The former leader of the Cadets in Inuvik, N.W.T., says he’s resigned after his continued complaints about heavy-handed bureaucracy have gone unanswered.

“Without someone stepping forward and saying, ‘Hey this is wrong,’ it’s never going to get fixed,” says Paul MacDonald. 
Paul MacDonald

After eight years with the group, MacDonald resigned from the Inuvik Cadets last September, but only went public with his four-page resignation letter about two weeks ago. (David Thurton/CBC)

After eight years with the group, MacDonald resigned from the Inuvik Cadets last September, but only went public with his four-page resignation letter about two weeks ago. 

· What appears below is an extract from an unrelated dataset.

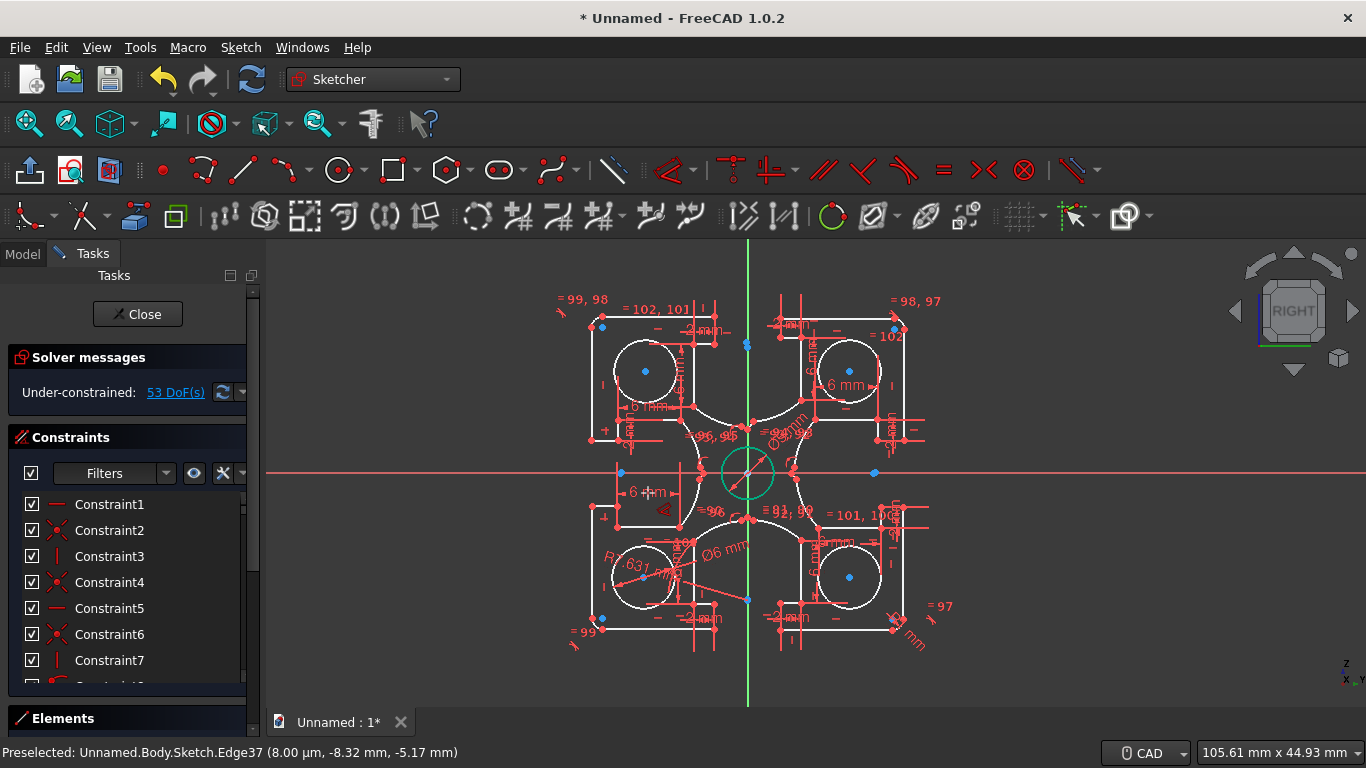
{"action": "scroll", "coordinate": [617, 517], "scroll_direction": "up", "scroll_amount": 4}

"I went public because it was important for the general population," he says. "They need to know what has been happening within the Cadet world and the amount of work that local core officers and volunteers put into running the Cadets."

Since his resignation, Inuvik hasn’t had a Cadet group and Cadets Canada hasn’t appointed a new leader. the rest of article on the link

http://www.cbc.ca/news/canada/north/paul-macdonald-inuvik-cadet-leader-resigns-after-8-years-1.2891096


----------



## Rutiger (6 Jan 2015)

I have been Following this story for a couple of weeks now.  I was wondering when it was going to hit the media.


----------



## Brasidas (6 Jan 2015)

He actually gave his resignation in fall 2013, and agreed to stay through that training year.


----------



## GK .Dundas (6 Jan 2015)

What damned shame  he is leaving and I suspect the the usual suspects in the cadet movement are chortling with glee ! And as usual the kids are the one who will suffer .


----------



## jpjohnsn (7 Jan 2015)

GK .Dundas said:
			
		

> I suspect the the usual suspects in the cadet movement are chortling with glee !


And who, pray tell, would those people be?  I don't know of, and can't even imagine, anyone within the CCM that would be gleeful about a cadet unit folding.


----------